Apparently, a result of Lamé says the following. Suppose three lines $a$, $b$, $c$ intersect a non-singular cubic curve on points $a_1, a_2, a_3$, $b_1, b_2, b_3$ and $c_1, c_2,c_3$.
If $a_1, b_1,c_1$ are collinear and $a_2,b_2,c_2$ are collinear then so are $a_3, b_3,c_3$.
How can I prove this?
Is there a proof of this that doesn't go through the Cayley-Bacharach theorem (the 8 points -> 9 points result)?
I am aiming to use this fact to derive the associative law for the elliptic curves, so this proof needs to use only elementary things but not the associativity of elliptic curve addition.

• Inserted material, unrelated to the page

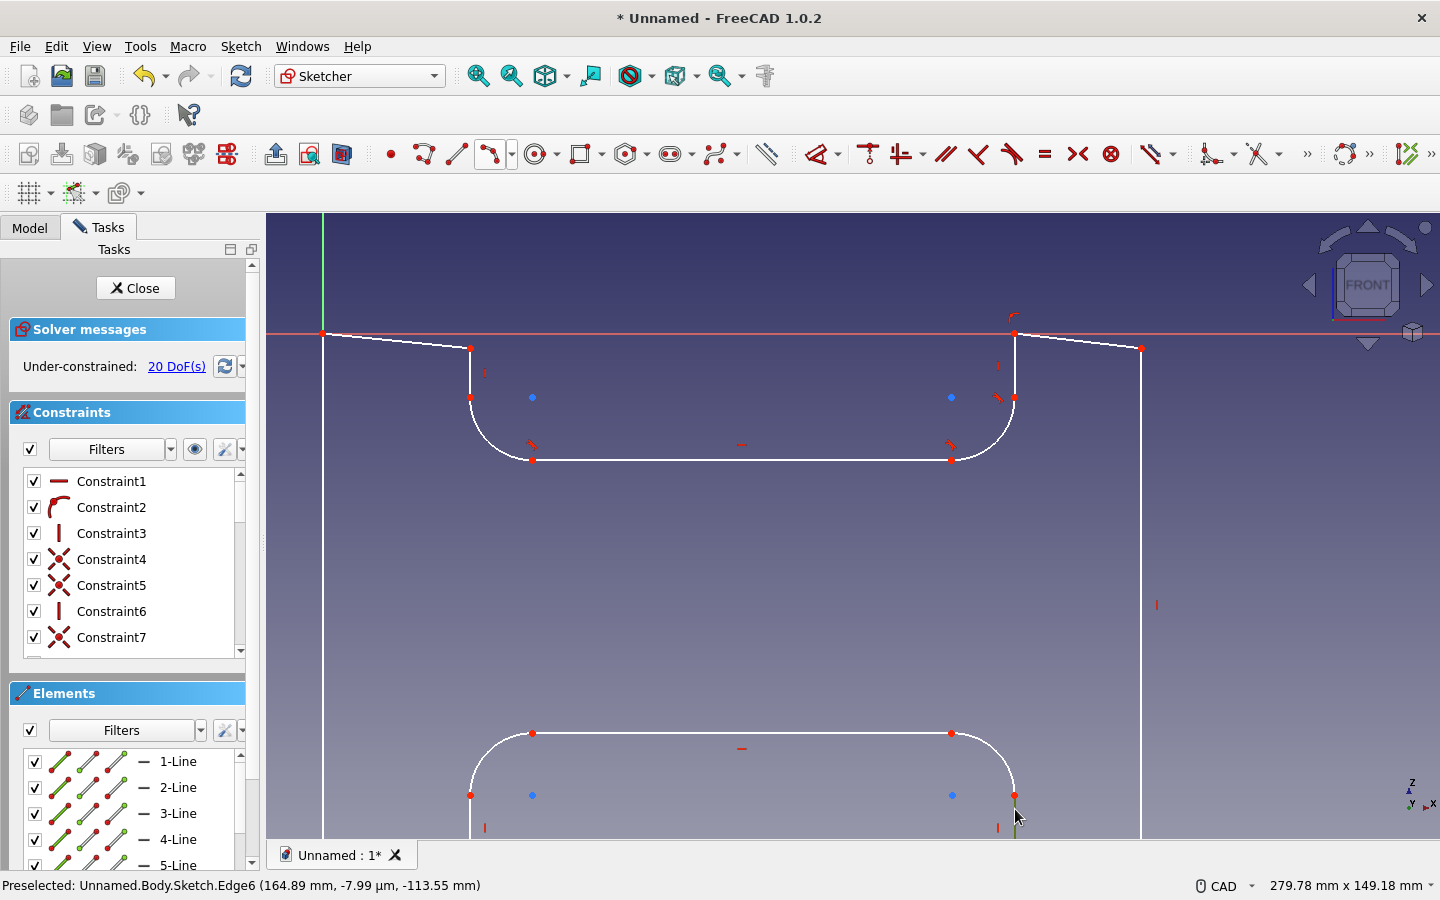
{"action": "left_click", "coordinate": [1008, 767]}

If we denote the group operation for elliptic curves by $+$, then the nine points and three lines we're given correspond to three equations (remember that this operation is commutative): \begin{equation} a_1 + a_2 + a_3 = 0 \tag{1} \end{equation}
$$b_1 + b_2 + b_3 = 0\tag{2}$$
$$c_1 + c_2 + c_3 = 0\tag{3}$$
The antecedents in your theorem statement give us two further equations:
$$a_1 + b_1 + c_1 = 0\tag{4}$$
$$a_2 + b_2 + c_2 = 0\tag{5}$$
Add $(1)$, $(2)$, and $(3)$, and subtract $(4)$ and $(5)$. This gives the desired result:
$$a_3 + b_3 + c_3 = 0$$